Эстике бросила пронзительный взгляд на Корлати, но к ее гневу примешалось теперь уже нечто похожее на ироническую благосклонность.

– Вот причина, смотрите!

– Ну, ничего, ничего. Надо только как можно скорее достать экипаж – в таком виде вы не можете идти. Петер, прошу тебя, будь столь любезен, найди извозчика, а мы тем временем выйдем на дорогу.

Эстике рассказала об аварии, в которую они попали, рассказала, как чуть не перевернулась лодка, так что еще немного, и они неизбежно упали бы в воду, не скрыла и того, что в испуге бросилась на шею Корлати.

– Это все пустяки, – успокаивал ее Пишта, – могло бы кончиться хуже. По крайней мере, у вас теперь будет некоторое представление о кораблекрушениях. Мне жалко только, что на тот свет, к ангелам, вы собирались отправиться на шее у Петера.

Эта шутка рассмешила Эстике.

– Что ж, если в тот момент не представлялось другой возможности.

Подъехал извозчик, но без Петера.

– Где же господин, который вас послал? – спросил Алторьяи.

– Он сел на другую коляску и поехал к городу.

– Даже не попрощался! Странно!

– Обиделся, – высказала предположение Эстике. – Наверное, на меня обиделся.

– Что вы ему сделали?

– Я, рассердившись, назвала его безруким дурнем.

– Он действительно дурень, если мог на это рассердиться. И все-таки я жалею о происшедшем. Следовало бы как-то задобрить его.

– Но как?

– Это должна придумать ваша изобретательная головка, – а уж она-то что-нибудь да придумает. Пусть дядя Дани пригласит его завтра к обеду.

Так и было сделано. Дядя Дани (то есть депутат и доверенное лицо Даниель Сабо, опекун Эстике) на другой же день поймал Корлати в коридоре парламента.

– Я слышал, ты рассердился на мою подопечную. Она хочет помириться с тобой. Поручила мне привезти тебя к обеду. Nota bene [Заметь (лат.)] – сегодня она готовит сама.

– Раз так, надо попробовать, какая из нее выйдет хозяйка. Случай так все подстроил, что Алторьяи не мог прибыть на

обед. Причина на этот раз была самая святая: его избиратели.

– Сегодня я выполняю функции носильщика, дядя Дани. Прошу, замолви за меня словечко перед Эстике.

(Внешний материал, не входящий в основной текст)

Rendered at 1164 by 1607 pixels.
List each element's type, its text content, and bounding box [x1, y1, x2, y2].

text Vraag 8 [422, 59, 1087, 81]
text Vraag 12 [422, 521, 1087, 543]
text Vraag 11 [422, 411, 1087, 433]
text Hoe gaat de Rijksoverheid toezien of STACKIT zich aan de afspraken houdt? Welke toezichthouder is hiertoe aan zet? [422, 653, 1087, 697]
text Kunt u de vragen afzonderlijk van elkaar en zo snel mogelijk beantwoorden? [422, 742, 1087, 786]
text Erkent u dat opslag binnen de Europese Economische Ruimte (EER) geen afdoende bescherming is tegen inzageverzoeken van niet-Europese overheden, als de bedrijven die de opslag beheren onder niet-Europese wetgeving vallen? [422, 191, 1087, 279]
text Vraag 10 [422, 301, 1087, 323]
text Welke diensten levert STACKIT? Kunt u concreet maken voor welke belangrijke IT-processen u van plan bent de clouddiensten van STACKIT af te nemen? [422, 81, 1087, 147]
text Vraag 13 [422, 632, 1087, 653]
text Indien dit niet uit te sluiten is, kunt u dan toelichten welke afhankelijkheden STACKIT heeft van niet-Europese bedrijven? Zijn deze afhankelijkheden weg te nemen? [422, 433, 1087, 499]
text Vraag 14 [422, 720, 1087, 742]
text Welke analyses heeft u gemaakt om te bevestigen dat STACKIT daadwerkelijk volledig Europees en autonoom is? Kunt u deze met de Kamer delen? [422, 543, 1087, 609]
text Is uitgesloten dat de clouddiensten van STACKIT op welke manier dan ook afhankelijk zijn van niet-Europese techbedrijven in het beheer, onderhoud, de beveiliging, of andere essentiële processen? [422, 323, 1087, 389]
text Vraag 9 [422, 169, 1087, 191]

Да, действительно некстати приехали эти избиратели. Эстике показала себя во всем блеске, обед получился на славу: суп из устриц, в котором плавали кусочки грибов, говяжьи биточки с соусом из шкварок, щука с хреном, паштет из печени молодого поросенка, рулет с маком. Подобные лакомства поглощали когда-то боги на Олимпе. Разумеется, не обошлось и без нектара – доброго эгерского и вишонтайского вина. Старый Янош прилежно наполнял бокалы.

После обеда Эстике принесла ящичек с сигаретами и, предложив прикурить сначала Корлати, сама кокетливо закурила от его огонька.

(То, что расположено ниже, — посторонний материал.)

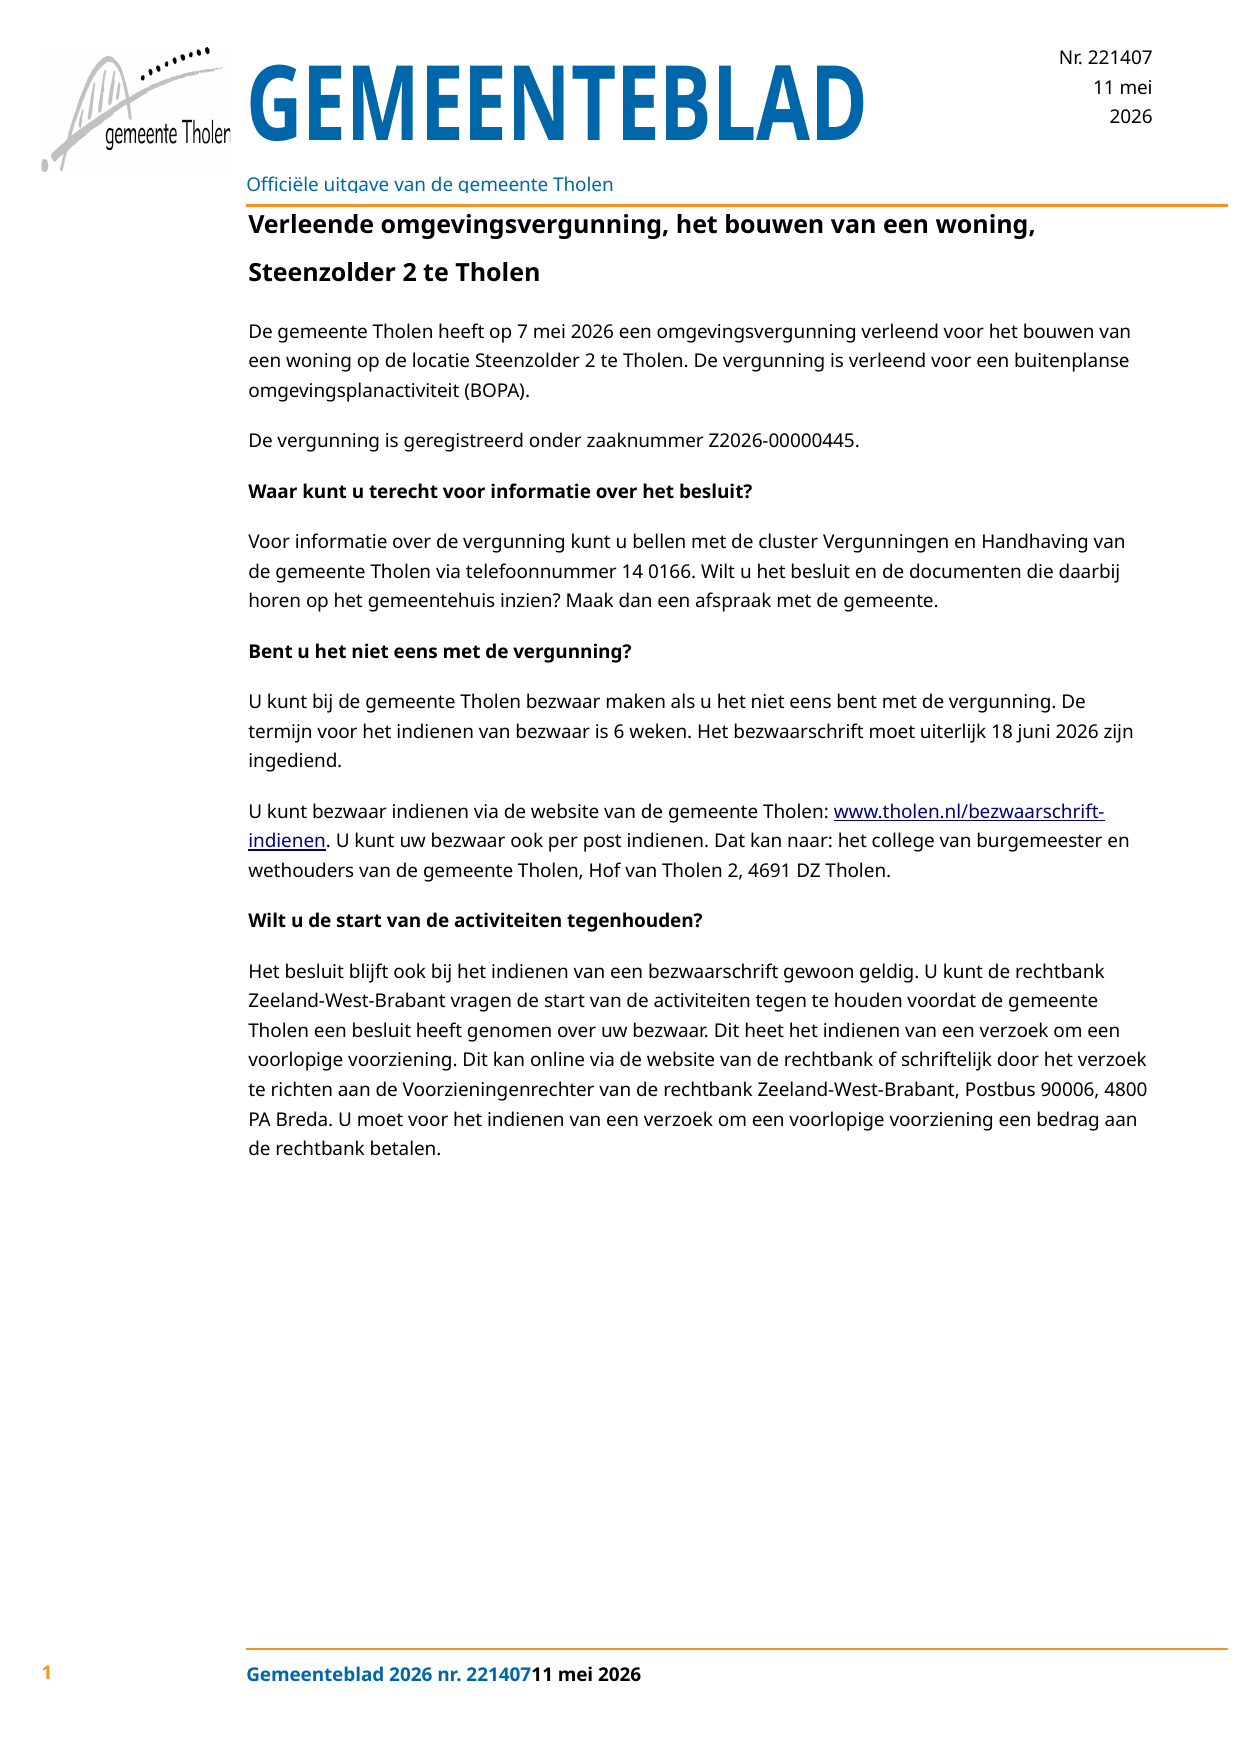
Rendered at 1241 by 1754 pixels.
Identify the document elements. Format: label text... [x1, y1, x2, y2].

text De vergunning is geregistreerd onder zaaknummer Z2026-00000445. [248, 427, 1152, 453]
picture [41, 47, 231, 172]
text Wilt u de start van de activiteiten tegenhouden? [248, 907, 1152, 933]
text U kunt bij de gemeente Tholen bezwaar maken als u het niet eens bent met de vergunning. De termijn voor het indienen van bezwaar is 6 weken. Het bezwaarschrift moet uiterlijk 18 juni 2026 zijn ingediend. [248, 688, 1152, 773]
text Verleende omgevingsvergunning, het bouwen van een woning, Steenzolder 2 te Tholen [248, 207, 1152, 288]
text De gemeente Tholen heeft op 7 mei 2026 een omgevingsvergunning verleend voor het bouwen van een woning op de locatie Steenzolder 2 te Tholen. De vergunning is verleend voor een buitenplanse omgevingsplanactiviteit (BOPA). [248, 318, 1152, 403]
text Bent u het niet eens met de vergunning? [248, 638, 1152, 664]
text Het besluit blijft ook bij het indienen van een bezwaarschrift gewoon geldig. U kunt de rechtbank Zeeland-West-Brabant vragen de start van de activiteiten tegen te houden voordat de gemeente Tholen een besluit heeft genomen over uw bezwaar. Dit heet het indienen van een verzoek om een voorlopige voorziening. Dit kan online via de website van de rechtbank of schriftelijk door het verzoek te richten aan de Voorzieningenrechter van de rechtbank Zeeland-West-Brabant, Postbus 90006, 4800 PA Breda. U moet voor het indienen van een verzoek om een voorlopige voorziening een bedrag aan de rechtbank betalen. [248, 958, 1152, 1161]
text Voor informatie over de vergunning kunt u bellen met de cluster Vergunningen en Handhaving van de gemeente Tholen via telefoonnummer 14 0166. Wilt u het besluit en de documenten die daarbij horen op het gemeentehuis inzien? Maak dan een afspraak met de gemeente. [248, 528, 1152, 613]
text U kunt bezwaar indienen via de website van de gemeente Tholen: www.tholen.nl/bezwaarschrift-indienen. U kunt uw bezwaar ook per post indienen. Dat kan naar: het college van burgemeester en wethouders van de gemeente Tholen, Hof van Tholen 2, 4691 DZ Tholen. [248, 798, 1152, 883]
text Waar kunt u terecht voor informatie over het besluit? [248, 478, 1152, 504]

– Итак, выкурим трубку мира.

К ее язычку то и дело приставали табачные крошки, дым щекотал ей ноздри, она чихала и гримасничала самым уморительным образом. Словом, она действительно была очень мила.

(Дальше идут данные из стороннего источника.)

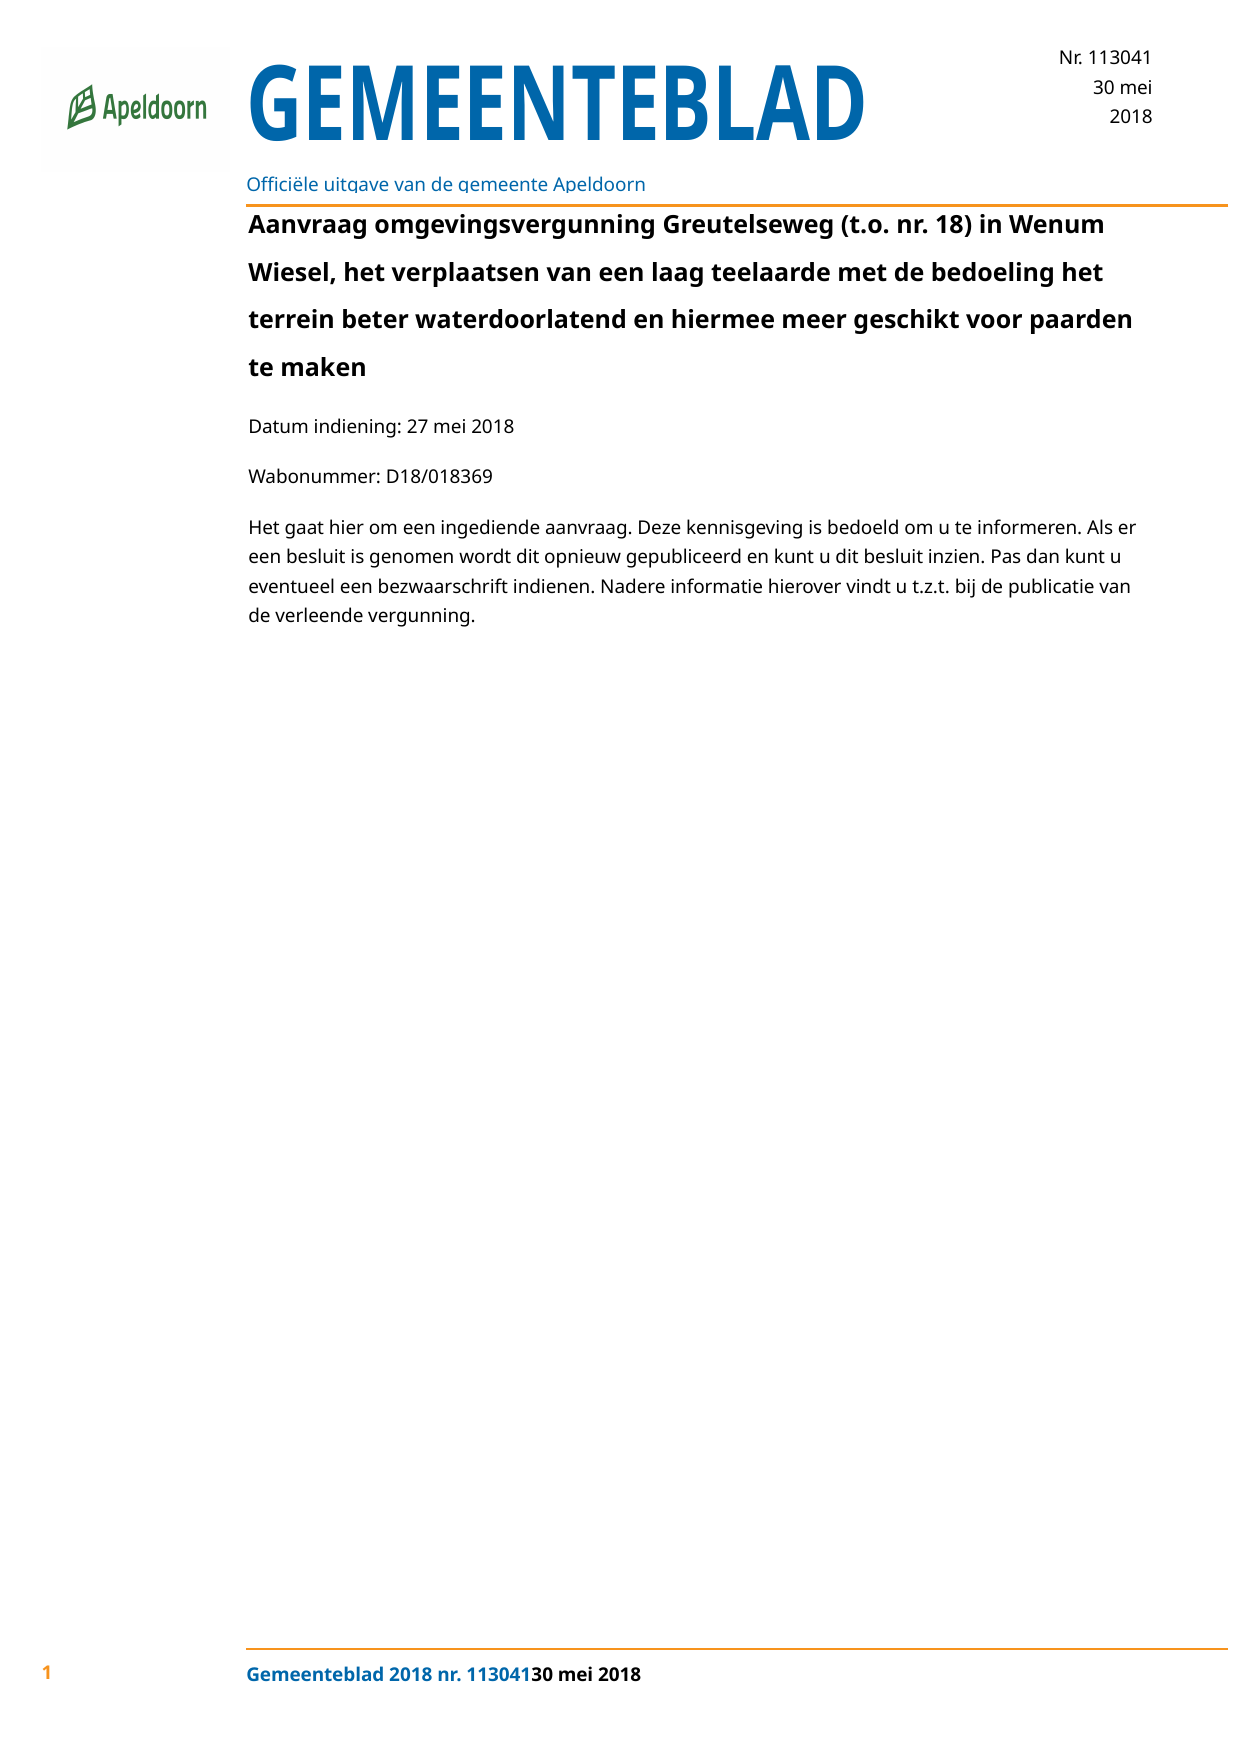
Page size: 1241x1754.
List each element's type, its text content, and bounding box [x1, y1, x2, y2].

text Wabonummer: D18/018369 [248, 463, 1152, 489]
text Aanvraag omgevingsvergunning Greutelseweg (t.o. nr. 18) in Wenum Wiesel, het verplaatsen van een laag teelaarde met de bedoeling het terrein beter waterdoorlatend en hiermee meer geschikt voor paarden te maken [248, 207, 1152, 384]
text Datum indiening: 27 mei 2018 [248, 413, 1152, 439]
picture [41, 47, 231, 172]
text Het gaat hier om een ingediende aanvraag. Deze kennisgeving is bedoeld om u te informeren. Als er een besluit is genomen wordt dit opnieuw gepubliceerd en kunt u dit besluit inzien. Pas dan kunt u eventueel een bezwaarschrift indienen. Nadere informatie hierover vindt u t.z.t. bij de publicatie van de verleende vergunning. [248, 514, 1152, 628]

– Право, бросьте сигарету.

– Нет, я непременно хочу ее выкурить ради вас. Стрекозиные глаза дяди Дани становились все уже, он зевал

и жаловался на то, что в парламенте на него нагнали сон выступающие ораторы. Наконец большая голова его совсем опустилась на стол, и Петер остался с Эстер наедине, так как мадам, заслышав грохот тарелок на кухне, выбежала наводить порядок.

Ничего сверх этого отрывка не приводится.